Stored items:
____

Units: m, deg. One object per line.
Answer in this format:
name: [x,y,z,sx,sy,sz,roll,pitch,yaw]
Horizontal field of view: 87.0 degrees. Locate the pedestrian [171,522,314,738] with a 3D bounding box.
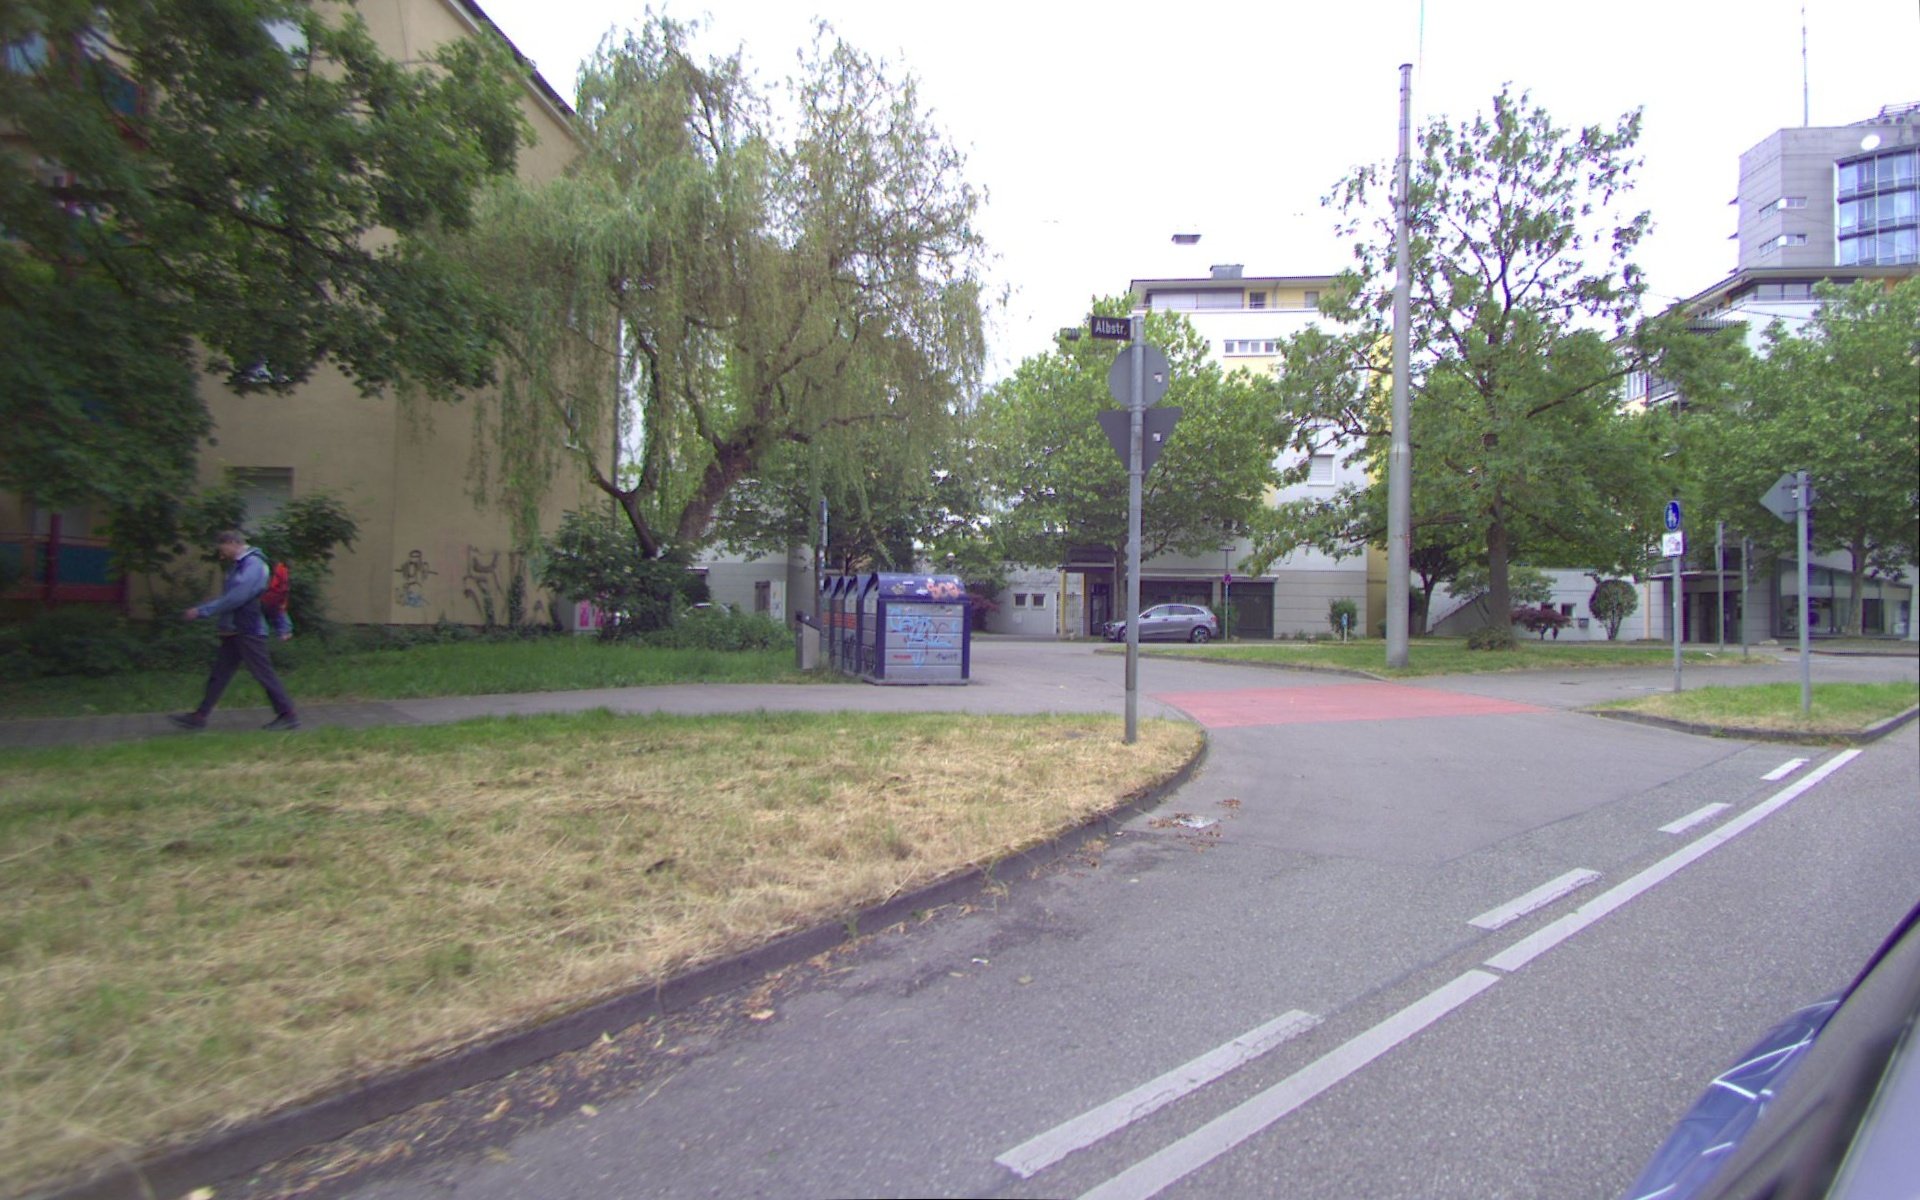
pedestrian: [-6.466,0.253,9.134,0.756,1.818,0.883,-1,-1,40]

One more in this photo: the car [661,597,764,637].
car: [-9.955,0.670,40.813,3.660,1.529,1.796,0,0,8]

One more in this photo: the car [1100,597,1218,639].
car: [7.465,0.665,38.208,4.167,1.529,1.798,0,0,4]

____

[Directions]
Copy, without any change, the lines from the one that contains "One more in this photo: the car [661,597,764,637]." to the final line of the entries above.

[Response area]
One more in this photo: the car [661,597,764,637].
car: [-9.955,0.670,40.813,3.660,1.529,1.796,0,0,8]

One more in this photo: the car [1100,597,1218,639].
car: [7.465,0.665,38.208,4.167,1.529,1.798,0,0,4]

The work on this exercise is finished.